The desperation came to the surface again an inning later, when a walk and two singles (one more a Yankees error) enabled Cleveland to load the bases against New York ace Gerrit Cole in the fourth, still down just 3-0. Vogt played his high card then, tossing ALDS hero David Fry up to pinch hit for catcher Bo Naylor.
“It was the highest leverage moment of the game, bases loaded, one out,” says Vogt. “We want to take a shot with David. We wanted to take our shot right there. We felt that was our biggest opportunity at that point. You don’t know when you’re going to get three guys on against somebody like Gerrit Cole.”
Right call, wrong execution: Fry hacked at the first pitch and popped it up, fouling out to third base. After Brayan Rocchio stared at strike three, the threat was over. Cole, who allowed 10 baserunners in 4 ⅓ innings, had wriggled free.
And perhaps most important, Fry was done for the night and backup catcher Austin Hedges, who batted .152 this year, was locked into the No. 8 hole. That reared its head an inning later, when Cleveland clawed to within 3-2 and had the tying run on first.
No sweat for the Yankees. Reliever Clay Holmes simply tossed four balls to Andrés Giménez, welcomed Hedges to the plate, and struck him out. And a 3-2 game stayed that way before the Yankees stretched it to 4-2 and eventually 6-2 on Aaron Judge’s home run.
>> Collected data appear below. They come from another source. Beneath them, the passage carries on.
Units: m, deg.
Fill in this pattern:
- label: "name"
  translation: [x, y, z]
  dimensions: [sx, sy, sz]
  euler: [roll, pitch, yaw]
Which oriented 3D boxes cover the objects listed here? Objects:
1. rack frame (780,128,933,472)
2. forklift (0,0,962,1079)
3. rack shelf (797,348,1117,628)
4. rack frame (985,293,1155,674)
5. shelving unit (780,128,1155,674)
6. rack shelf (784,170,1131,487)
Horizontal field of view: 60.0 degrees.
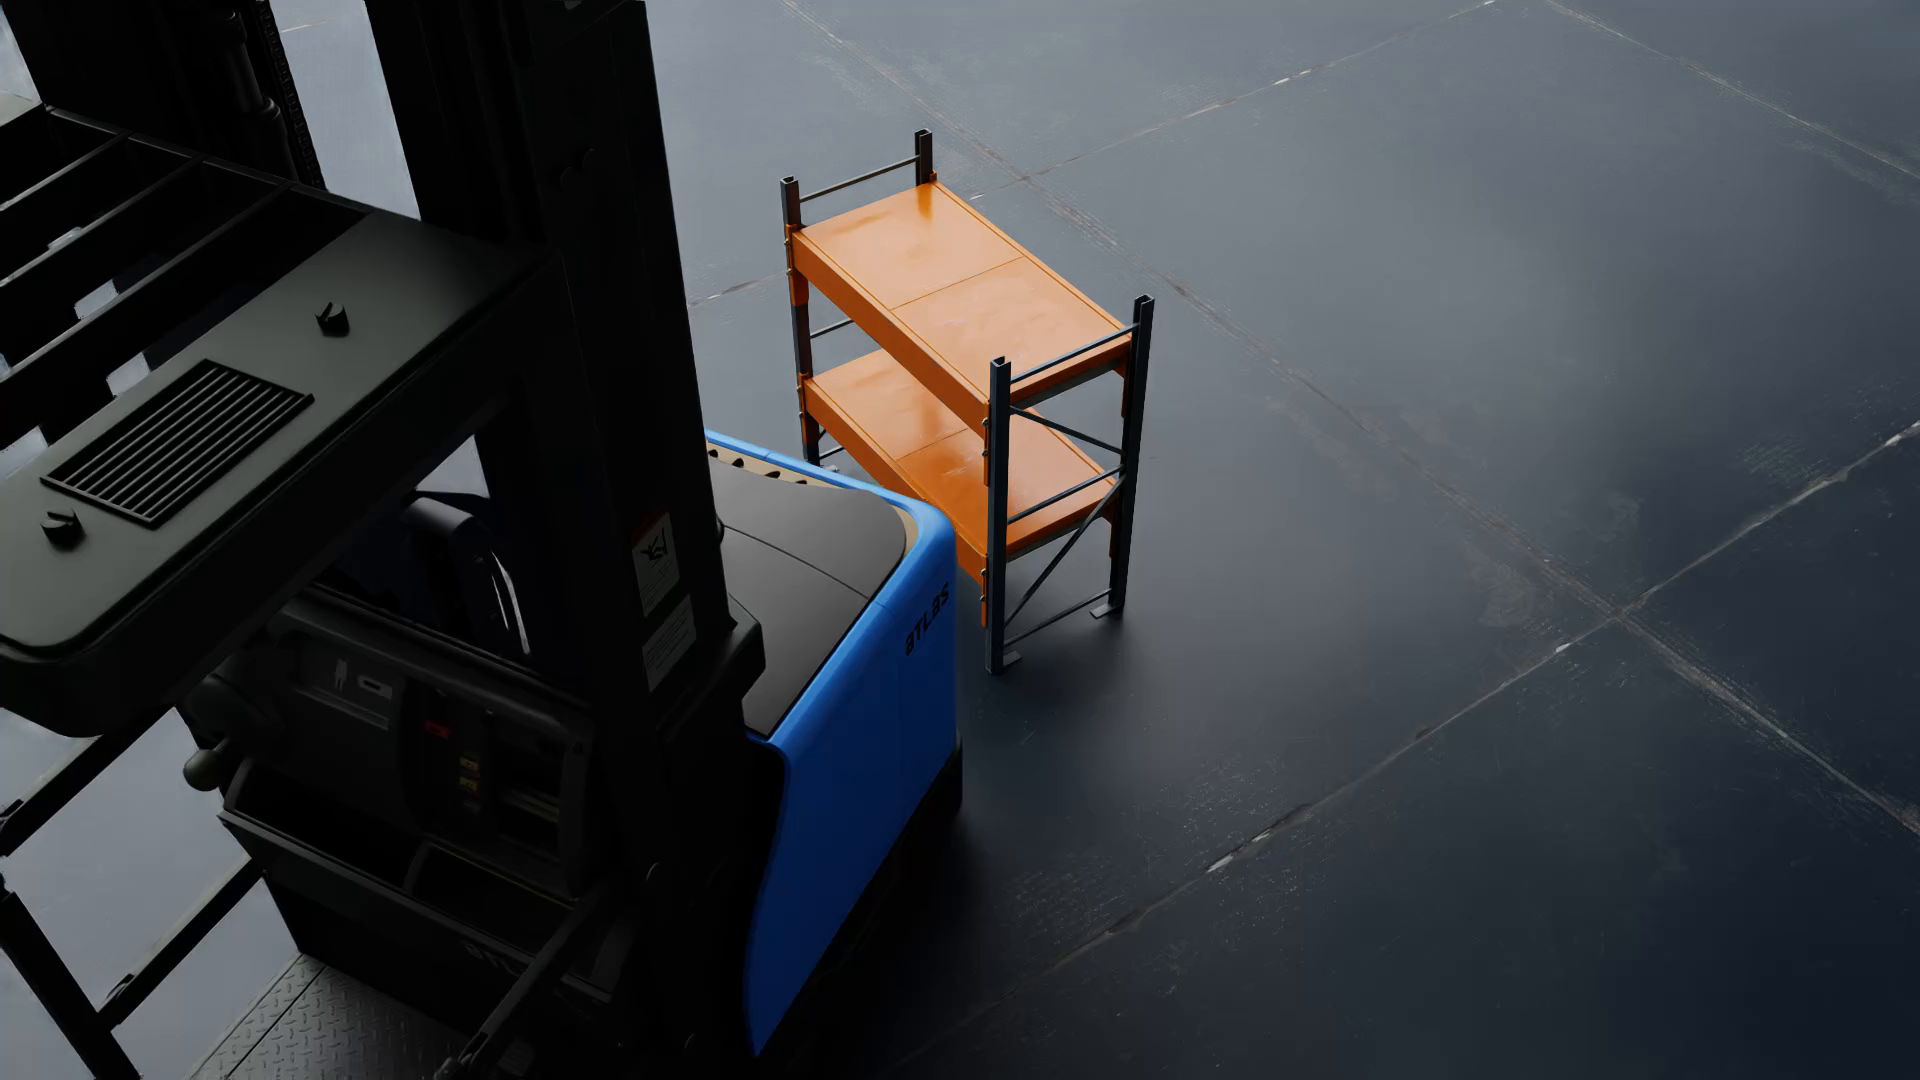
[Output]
- label: "rack frame"
  translation: [-0.295, -0.699, 5.167]
  dimensions: [0.500, 1.125, 0.032]
  euler: [-26, 49, -24]
- label: "forklift"
  translation: [-1.103, 0.416, 2.692]
  dimensions: [1.130, 2.935, 3.031]
  euler: [19, 47, 19]
- label: "rack shelf"
  translation: [-0.004, -0.234, 5.034]
  dimensions: [0.538, 0.278, 1.000]
  euler: [-26, 49, -24]
- label: "rack frame"
  translation: [0.287, -0.123, 4.564]
  dimensions: [0.500, 1.125, 0.032]
  euler: [-26, 49, -24]
- label: "shelving unit"
  translation: [-0.004, -0.411, 4.866]
  dimensions: [0.538, 1.125, 1.048]
  euler: [-26, 49, -24]
- label: "rack shelf"
  translation: [-0.004, -0.622, 4.663]
  dimensions: [0.538, 0.278, 1.000]
  euler: [-26, 49, -24]

“It’s who we are,” says a properly remorseless Vogt. “We take chances when we do.”
Winning without a rotation?
The starting pitching disparity in this ALCS has only been exacerbated since it tipped off. Cobb’s ineffective start and subsequent injury now leads Cleveland short a potential Game 5 starter; Bibee’s inability to complete two innings put them in another bind but now raises the notion that the right-hander’s 39-pitch outing might make him available for another start sooner.
Yet there’s simply no end in sight to the disadvantage.
Lefty Matthew Boyd will start Game 3, and he matched presumed Cy Young Award winner Tarik Skubal pitch for pitch over 4 ⅔ shutout innings in Game 2 of the ALDS. Yet he only got six outs in Game 5 and pitched just 39 ⅔ regular season innings after recovering from injury.
New York? It will counter with the reliable Clarke Schmidt, who turned in an effective Game 3 ALDS start that turned that series in its favor. Schmidt also posted a 2.85 ERA in 16 starts this year.
He’s already familiar with Progressive Field in October, making two relief appearances in the 2022 ALDS there.
“Pitching on the road with fans coming at your throat, it’s kind of fun to be able to have the ability to silence them whenever you want if you get the job done,” Schmidt said Wednesday on a video call, before the club departed for Cleveland
Says Yankees manager Aaron Boone: “He’s gotten better and better each and every year. That’s been really cool to witness, but it starts with a foundation of confidence because he’s really talented.”
Boyd is, too, to be certain. Yet there is once again a ceiling on what he might be capable of – and the likelihood the Cade Smiths and Hunter Gaddises from the bullpen will be summoned far earlier than Vogt might prefer.
Game 4? The Yankees are taking the postseason wraps off Luis Gil, the AL’s best rookie pitcher who’s had 19 days to ramp up for this assignment. Bibee might be back by then for Cleveland.
Get the sense this is getting out of control?
Guardians: Still a good baseball team
Their sinkhole of the moment has obscured a few positives. Steven Kwan has extended his postseason hitting streak to 12 games, knocking Kenny Lofton out of Cleveland’s record book, and is batting .448 (13 for 29), his 13 hits trailing only Mets rookie Mark Vientos’ 14 in these playoffs.
They’ve forced the Yankee bullpen into “close-and-late” situations in every seventh through ninth innings. Vogt is correct to assert that by continuing to press, the Guardians may soon find a breakthrough.
‘We love playing in front of our fans,’ Vogt said Wednesday, back home in Cleveland. ‘I think for us, knowing we have three games here, we feel really good about it. Obviously we would have loved to have taken one in NewYork, but we still feel really good about our chances.’
Even as the odds only continue getting longer.